Going back we had the opportunity to visit this wonderful congregation to not only tell them about Blessman Ministries but also to say "Thank You!" Through my years in seminary this congregation has been a trememndous support through the financial scholarship that they have given me. That scholarship is not only a blessing now for me, but will continue to bless my family well into the future. It also has given Jacinda and I much greater financial freedom to join Blessman Ministries in South Africa. Below is a part of the sermon that I shared with the congregation at Americal Lutheran Church on 11/9 and 11/10:
As he went along, [Jesus] saw a man blind from birth. His disciples asked him, “Rabbi, who sinned,this man or his parents, that he was born blind?”
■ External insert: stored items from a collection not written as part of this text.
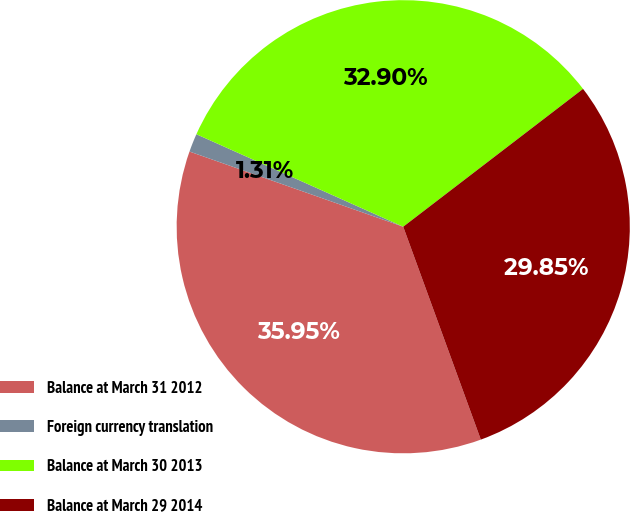<chart> <loc_0><loc_0><loc_500><loc_500><pie_chart><fcel>Balance at March 31 2012<fcel>Foreign currency translation<fcel>Balance at March 30 2013<fcel>Balance at March 29 2014<nl><fcel>35.95%<fcel>1.31%<fcel>32.9%<fcel>29.85%<nl></chart> 
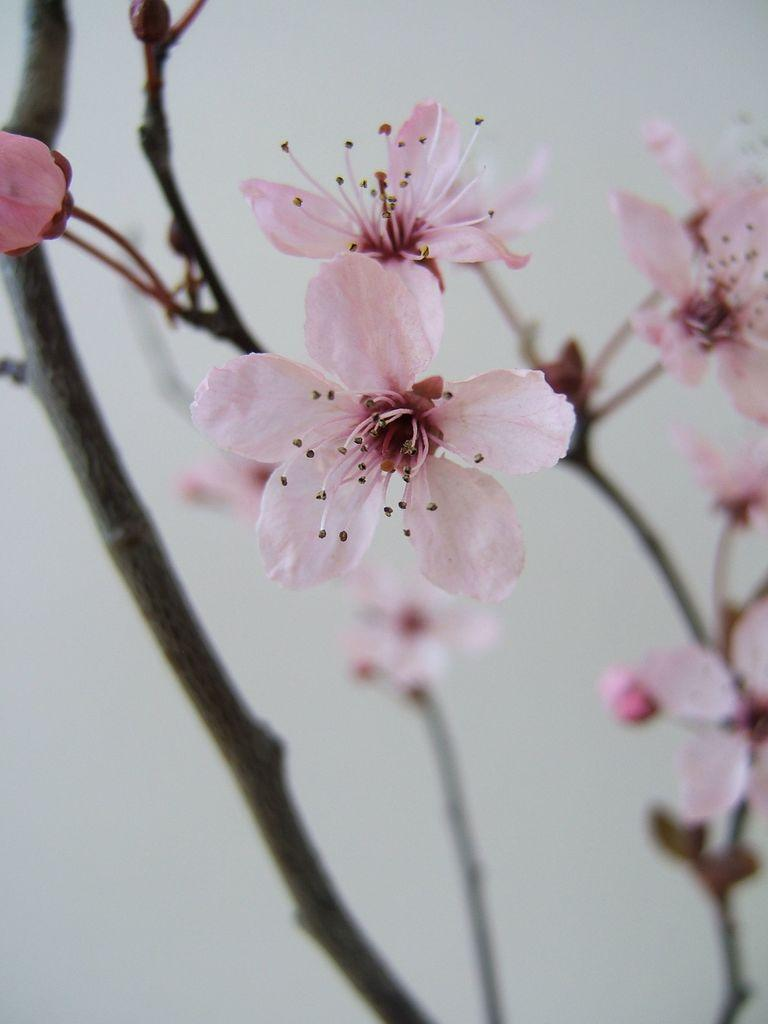What type of vegetation can be seen on the branches of the tree in the image? There are flowers on the branches of the tree in the image. What type of meat is being served for dinner in the image? There is no dinner or meat present in the image; it only features a tree with flowers on its branches. 
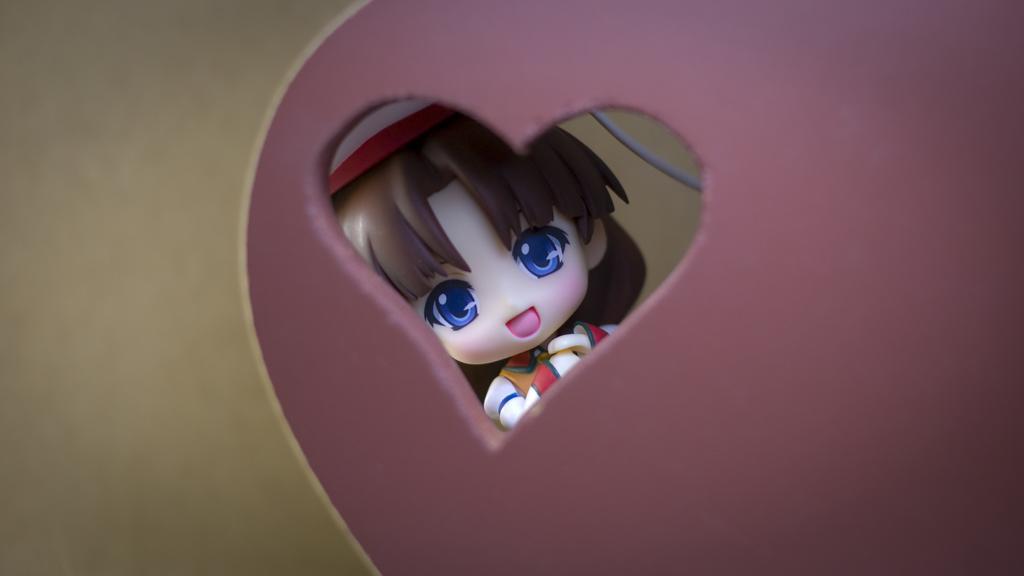Please provide a concise description of this image. In this picture we can see a toy of a girl, wire and some objects.

“Neither this man nor his parents sinned,” said Jesus, “but this happened so that the works of God might be displayed in him. As long as it is day, we must do the works of him who sent me. Night is coming, when no one can work. While I am in the world, I am the light of the world.”
After saying this, he spit on the ground, made some mud with the saliva, and put it on the man’s eyes. “Go,” he told him, “wash in the Pool of Siloam” (this word means “Sent”). So the man went and washed, and came home seeing.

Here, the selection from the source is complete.